How to Help Your Kid Develop a Positive Self-Image

Kids have it pretty hard these days, there's pressure at younger ages to look a certain way. With the obesity rates at 20.5%, and overweight at 34.5% in 2011-2012 based on National Health and Nutrition Examination Survey (NHANES) data, what's a parent to do in order to prevent negative self image? Reality is, a negative self perception is likely only serves to further promote weight gain, more negative self image, and more weight's a vicious cycle.

There is a positive here, folks. research demonstrates that parents who foster a positive attitude, and actively show their children qualities of resilience and optimism make dramatic differences in promoting a healthy lifestyle that, literally, continues into adulthood.

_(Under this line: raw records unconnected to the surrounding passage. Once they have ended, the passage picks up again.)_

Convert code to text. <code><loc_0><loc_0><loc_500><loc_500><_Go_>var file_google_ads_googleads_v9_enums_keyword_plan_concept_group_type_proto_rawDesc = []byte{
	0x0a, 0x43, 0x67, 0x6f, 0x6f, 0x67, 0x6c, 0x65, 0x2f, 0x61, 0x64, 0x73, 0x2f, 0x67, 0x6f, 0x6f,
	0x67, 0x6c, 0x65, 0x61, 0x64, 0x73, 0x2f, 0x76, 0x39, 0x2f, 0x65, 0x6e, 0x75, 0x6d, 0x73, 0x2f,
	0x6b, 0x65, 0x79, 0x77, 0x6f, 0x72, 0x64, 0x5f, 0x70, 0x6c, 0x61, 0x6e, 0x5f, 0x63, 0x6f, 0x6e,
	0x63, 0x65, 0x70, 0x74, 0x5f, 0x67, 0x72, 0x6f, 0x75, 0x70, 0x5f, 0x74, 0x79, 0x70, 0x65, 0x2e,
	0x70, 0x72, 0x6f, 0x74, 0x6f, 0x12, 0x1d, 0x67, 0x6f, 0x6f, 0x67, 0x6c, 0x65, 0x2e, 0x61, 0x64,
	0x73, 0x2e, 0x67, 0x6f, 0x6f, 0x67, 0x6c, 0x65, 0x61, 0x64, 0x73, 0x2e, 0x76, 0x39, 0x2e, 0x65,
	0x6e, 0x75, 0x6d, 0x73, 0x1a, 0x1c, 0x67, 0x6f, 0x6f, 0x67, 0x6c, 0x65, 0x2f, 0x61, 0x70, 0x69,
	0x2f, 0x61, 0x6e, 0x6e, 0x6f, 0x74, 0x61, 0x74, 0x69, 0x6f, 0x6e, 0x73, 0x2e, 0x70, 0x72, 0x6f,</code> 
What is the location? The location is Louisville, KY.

Consider these tips to foster optimism and resistance in your kid. It will not only help him or her mentally and emotionally feel better, it will also keep your kid on track to have a long healthy life.

1) Encourage your children to go outside and participate in group activities.

Kids these days are more prone to staying inside. We can thanks computers, TV, ipads and cell phone for this one. BUT, as a parent you do have some clout here. Take your kids outside, play in the grass and engage with your kids to show them how to interact with others. Kids who are more social are better equipped to deal with life stressors.

2) Have upbeat conversations about the future.

Assume your kid is going to make a difference, let them know you believe in them. Kids who are raised believing they're capable will be so.

3) Be a role model of perseverance.

Be sure to your kid hears and sees you working through life's difficulties. Demonstrate how you can handle it! Kids who see their parents work though difficult times, learn how to work through their own difficulties.

4) Laugh together, a lot.

Families that can joke, laugh, and lighten up their day with humor can prevent negativity and tension.

5) Believe in your kid.

I know it's obvious, right? But so easily to forget showing it. Assure your kid that you are on their side, that you expect him or her to be the best person they can be and not perfect.